1. The Office of Rail and Road is the economic and safety regulator of Britain’s railway.
2. On 8 May 2021, Hitachi Rail’s Class 800, 801 and 802 trains (referred to collectively as Class 80X) operated by London North Eastern Railway (LNER), Great Western Railway (GWR), TransPennine Express (TPE) and Hull Trains were withdrawn from service as a safety precaution after cracks were identified in some carriages of the trains, specifically those in service with GWR and LNER, but not TPE or Hull Trains. The disruption caused by the events on 8 May had an impact on passengers travelling or expecting to do so using the services of these train operators.

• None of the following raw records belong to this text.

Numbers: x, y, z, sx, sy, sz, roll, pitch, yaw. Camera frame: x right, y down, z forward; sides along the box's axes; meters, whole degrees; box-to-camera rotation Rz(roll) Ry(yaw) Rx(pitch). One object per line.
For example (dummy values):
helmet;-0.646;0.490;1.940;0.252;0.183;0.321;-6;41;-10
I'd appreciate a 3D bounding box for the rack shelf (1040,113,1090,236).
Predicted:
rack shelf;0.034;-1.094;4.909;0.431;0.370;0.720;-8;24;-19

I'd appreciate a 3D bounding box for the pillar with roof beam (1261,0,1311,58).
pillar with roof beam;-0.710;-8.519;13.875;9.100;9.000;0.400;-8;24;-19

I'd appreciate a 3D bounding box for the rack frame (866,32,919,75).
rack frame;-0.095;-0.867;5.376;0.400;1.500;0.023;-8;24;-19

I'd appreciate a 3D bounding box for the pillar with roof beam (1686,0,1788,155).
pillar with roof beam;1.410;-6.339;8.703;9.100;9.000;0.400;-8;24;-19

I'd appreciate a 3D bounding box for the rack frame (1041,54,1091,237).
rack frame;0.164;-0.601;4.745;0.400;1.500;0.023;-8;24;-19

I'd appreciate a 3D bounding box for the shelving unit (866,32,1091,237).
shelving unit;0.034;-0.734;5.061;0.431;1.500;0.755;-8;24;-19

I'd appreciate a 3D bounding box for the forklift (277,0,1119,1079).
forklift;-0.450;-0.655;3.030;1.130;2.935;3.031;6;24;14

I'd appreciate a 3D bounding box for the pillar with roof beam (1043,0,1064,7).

3. Subsequent cracks were also found on Class 385 operated by ScotRail and Class 395 operated by Southeastern but were not withdrawn from service on 8 May 2021, as their designs are different to the Class 80X and the actual and potential incidences of cracking were assessed as low risk.
4. On 7 June 2021, the Office of Rail and Road (ORR) informed Ministers at the Department for Transport of our plan to complete a lessons learnt review into the safety and passenger impact of the issues. We published the ‘Passenger Impact review – Hitachi Rail Class 800 trains’ on 25 June 2021, and an interim safety report on 9 September 2021 addressing the initial findings of the lessons learnt review. This final report covers the safety elements of this review and findings to date. 
5. Hitachi Rail’s proposed permanent solution to address the fatigue cracking issues in the bolster area is to remove the affected part of the original body structure, including the longitudinal welds where the fatigue cracks have occurred and the mounting brackets. The structure is rebuilt using a modified design (an example is shown in the attached image 1) that provides an unchanged interface with the yaw damper bracket and anti-roll bar. The modifications address the load capability of the design and the potential for insufficient fusion in the welded joint arising from weld design and inspection criteria.
6. Fatigue cracking at the yaw damper explained: Fatigue is a mechanism whereby cracks develop and grow (propagate) through a material that is subject to cyclic loading, namely the repeated imposition and removal of mechanical stress. This occurs where the load changes in size, alternately opening and closing cracks at a microscopic level, such as the loads imparted by an anti-roll bar as a train moves from a curve to straight track and back onto a curve. For fatigue to occur the loads must be above a threshold level but are typically much lower than the load required to cause an immediate structural failure of the material. This means that the affected component is initially able to function without breaking, but over time cracks grow and reduce the strength of the component until the remaining uncracked material is not strong enough to take the loads being imparted.
7. Stress corrosion cracking in the jacking plate explained: Stress corrosion cracking (SCC) is a mechanism whereby cracks develop in susceptible materials when they are exposed to a specific corrosive environment while subject to mechanical stress. The particular type of aluminium alloy used in the affected parts of the trains is sensitive to the presence of chloride. Moist air can have significant levels of chloride in it picked up from various factors such as from salt used for clearing ice. The affected parts of the trains are under stress because of the way they were welded together.  This is not unusual.  The stresses involved in SCC are usually significantly lower than those involved in mechanisms where the stress alone is sufficient to cause cracking, thus making certain materials susceptible to cracking under conditions where the mechanical design would otherwise be sufficient to prevent it. SCC has been likened to the fire triangle where fuel, heat and oxygen must all be present for combustion to take place; if any of the three elements are missing then there is no fire. For SCC the three elements are susceptible material, specific environment, and stress.